Он все еще ухмыляется, и я обдумываю лучший способ стереть ее с его лица, кроме очевидного варианта — убийства.
— Почему ты думаешь, что она у меня?
— Ты упомянул о ней на днях, значит, она у тебя.
— Возможно, если ты покажешь мне свои настоящие глаза.
— Не покажу.
— Тогда у меня ее нет.
— Нокс! Эта бабочка важна для меня.
— Видимо, недостаточно, потому что ты отказываешься идти на компромисс.
Но это не компромисс. Он требует увидеть часть меня, которая сделает меня уязвимой, и я отказываюсь играть в эту игру.
— Ты всегда такой кретин или только со мной?
— Понемногу и то, и другое.
Его ухмылка расширяется.
— Я ненавижу тебя сейчас.
— У нас есть все время в мире, так что я докажу тебе обратное.
— Нет, у нас нет времени.
— Конечно, есть. — его голос падает, когда он произносит слова, от которых я дрожу: — Я даже близко не закончил с тобой, красавица.
Глава 20
Нокс
— Ты уверена, что только нарезаешь картофель, а не убиваешь его?
Анастасия смотрит на меня из-за кухонной стойки, между ее бровями образовалась тонкая хмурая складка.

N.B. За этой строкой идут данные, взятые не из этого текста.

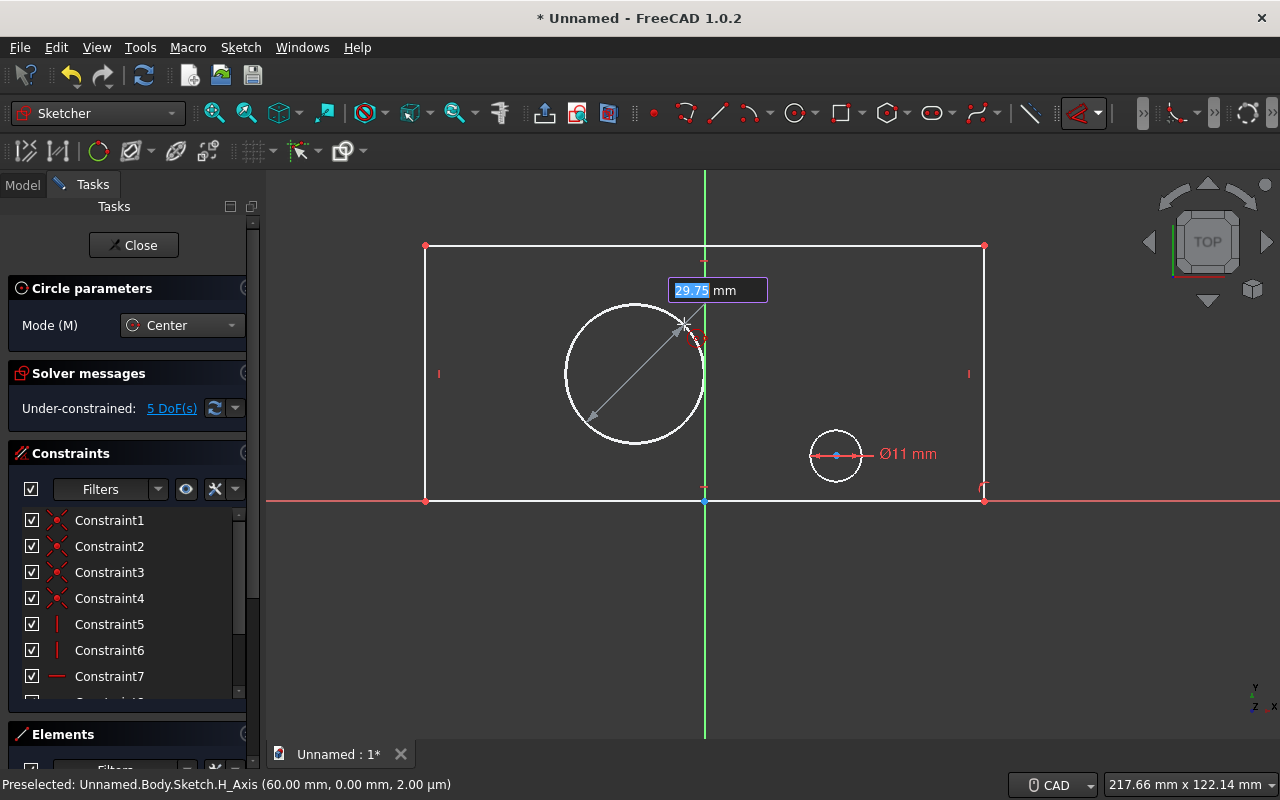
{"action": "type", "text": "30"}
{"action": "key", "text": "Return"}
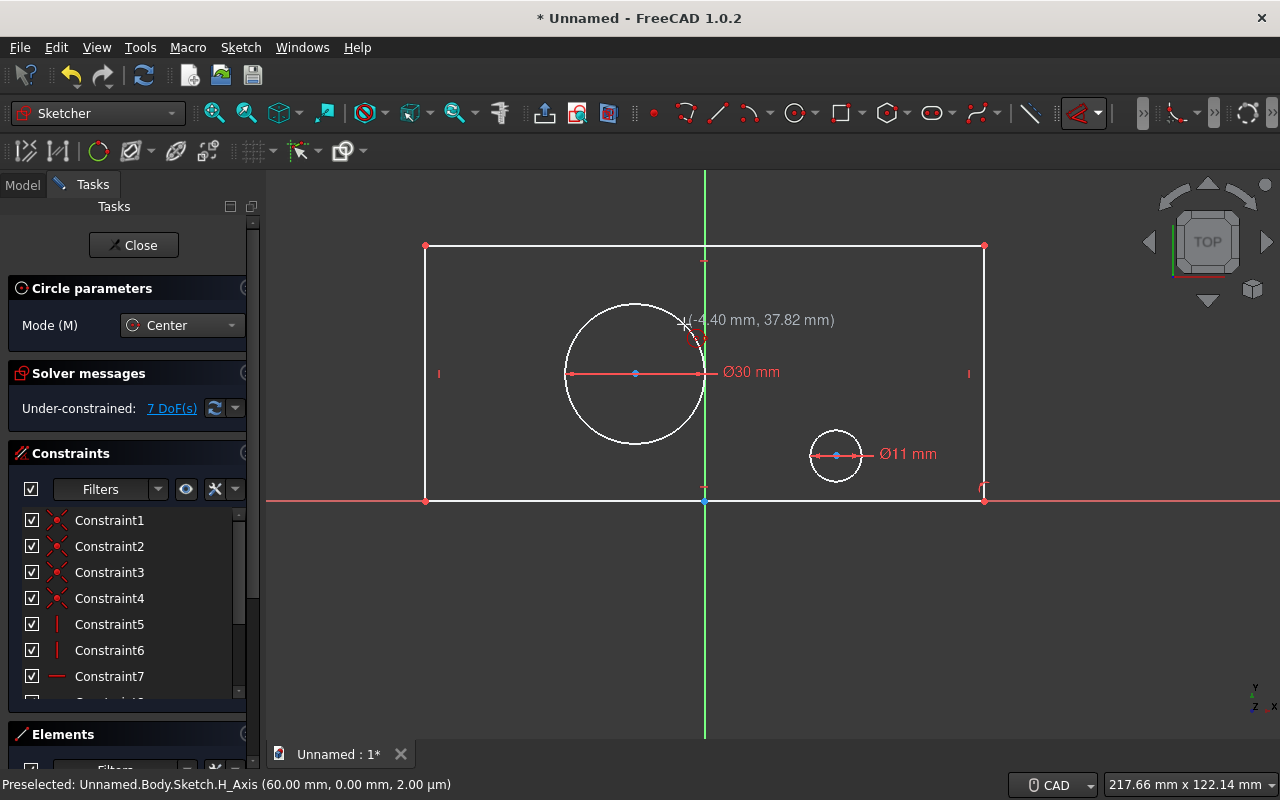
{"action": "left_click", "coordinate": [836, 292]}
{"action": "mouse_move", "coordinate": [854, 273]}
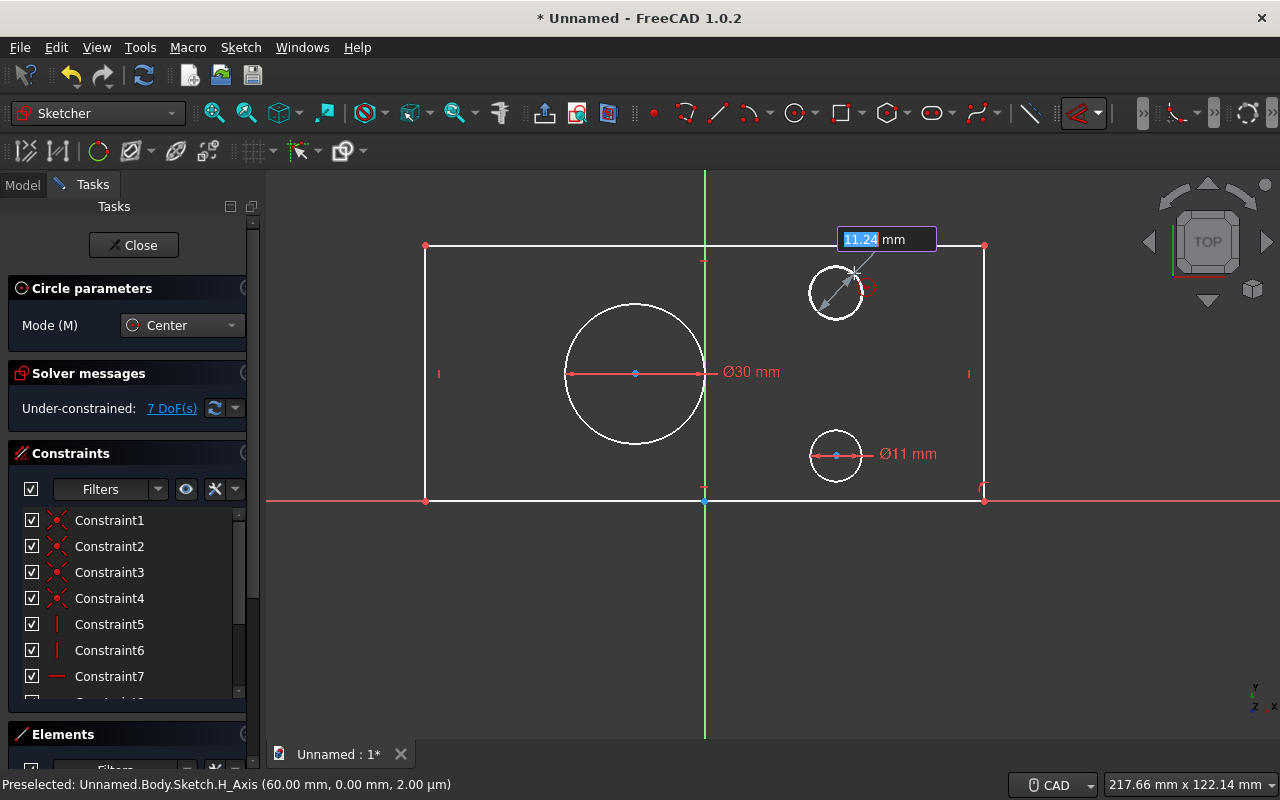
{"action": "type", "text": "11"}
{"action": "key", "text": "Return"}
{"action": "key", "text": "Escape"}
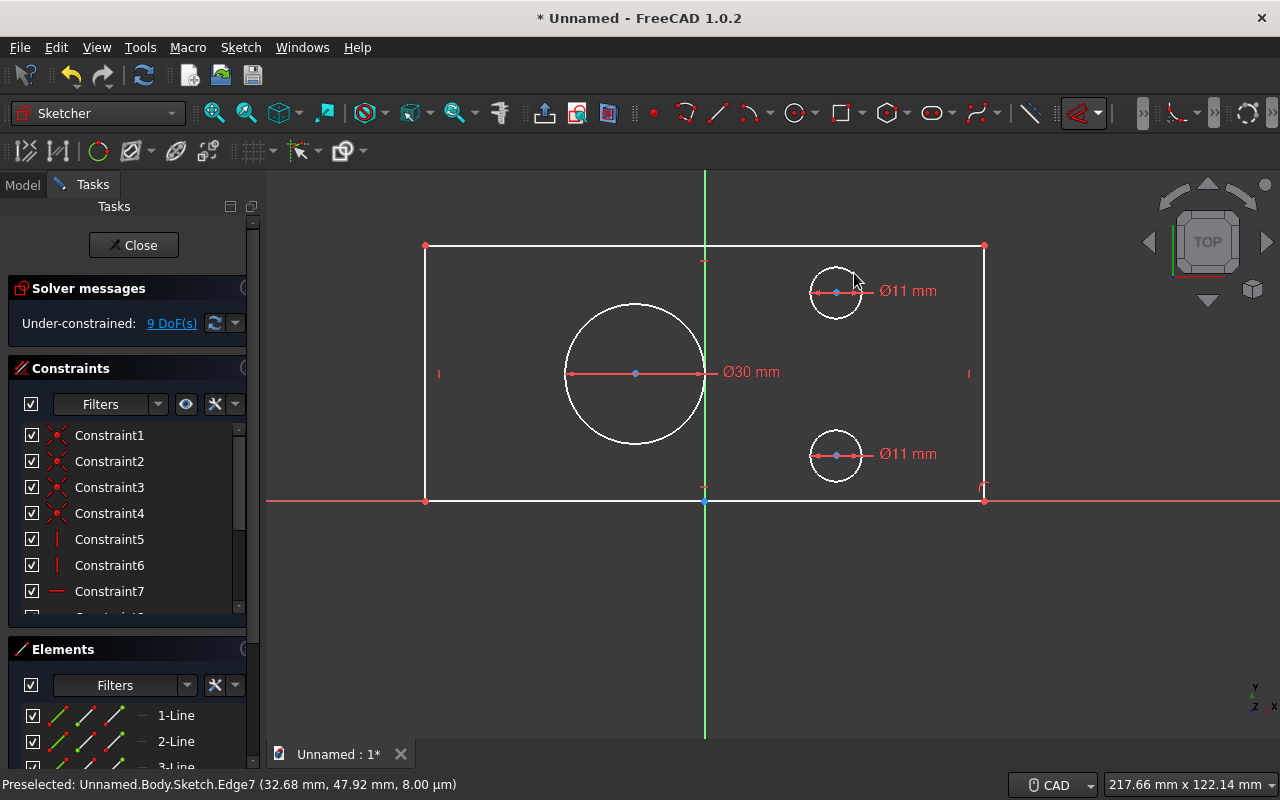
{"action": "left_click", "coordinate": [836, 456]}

Она одета в толстовку, которая едва доходит до середины бедра, и постоянно показывает мне свои кружевные трусики каждый раз, когда наклоняется или тянется вверх.
Нет нужды говорить, что мой член вечно дергается от этого вида. Это одна из причин, по которой я согласился позволить ей помочь мне приготовить ужин несмотря на то, что она абсолютно беспомощна, когда дело доходит до готовки.
Однако она относится к этому серьезно. Слишком серьезно, учитывая сосредоточенность, написанную на ее нежном лице, подчеркнутую светом с потолка.
— Я режу, — говорит она совершенно серьезно, указывая ножом на картофель.
— По-моему, они выглядят убитыми.
— Но я делала это медленно, как ты мне говорил.
— Это все равно неправильно.
Ее плечи ссутулились, будто она провалила что-то грандиозное.
— Неважно. Ты сделаешь это.
— Давай сделаем это вместе.
— Как...
Я обхватываю ее сзади, и она замирает, а слово, которое она собиралась сказать, так и остаётся висеть в воздухе, между нами.
Она вздрагивает всем телом, и я не могу не вдохнуть глубоко ее аромат цветов апельсина, смешанный с ее тонким природным запахом.
Все в ней нежное. Будь то ее миниатюрные черты лица, маленькая фигура или ее бледная кожа, на которой могут появиться синяки от одного прикосновения большого пальца.
По какой-то причине ее мягкость всегда притягивает первобытную часть меня, ту часть, которой нужно требовать ее каждую секунду дня, а затем повторять это снова и снова.
Часть, которая не может насытиться, независимо от того, сколько раз я трахал ее, прикасался к ней и заставлял ее выкрикивать мое имя.
Несмотря на то, что мне нравится ощущать ее извивающееся тело подо мной и то, как она требует от меня грубости, я начинаю думать, что это связано не только с потребностью трахать ее. Иначе я бы не появлялся здесь каждый день на протяжении последней недели.